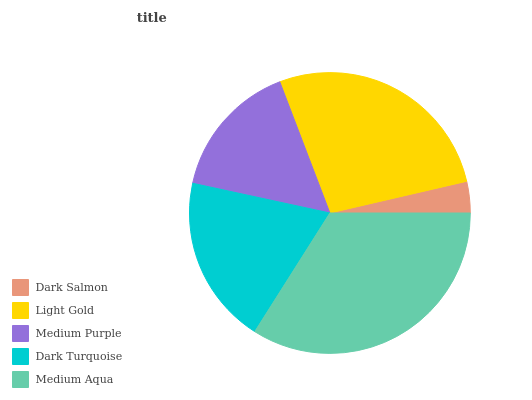Is Dark Salmon the minimum?
Answer yes or no. Yes. Is Medium Aqua the maximum?
Answer yes or no. Yes. Is Light Gold the minimum?
Answer yes or no. No. Is Light Gold the maximum?
Answer yes or no. No. Is Light Gold greater than Dark Salmon?
Answer yes or no. Yes. Is Dark Salmon less than Light Gold?
Answer yes or no. Yes. Is Dark Salmon greater than Light Gold?
Answer yes or no. No. Is Light Gold less than Dark Salmon?
Answer yes or no. No. Is Dark Turquoise the high median?
Answer yes or no. Yes. Is Dark Turquoise the low median?
Answer yes or no. Yes. Is Medium Aqua the high median?
Answer yes or no. No. Is Medium Purple the low median?
Answer yes or no. No.

——————

Problem description
Where does the word "less" appear in the records? Copy every line that holds it.

Response to this task
Answer yes or no. Yes. Is Dark Salmon less than Light Gold?
Answer yes or no. No. Is Light Gold less than Dark Salmon?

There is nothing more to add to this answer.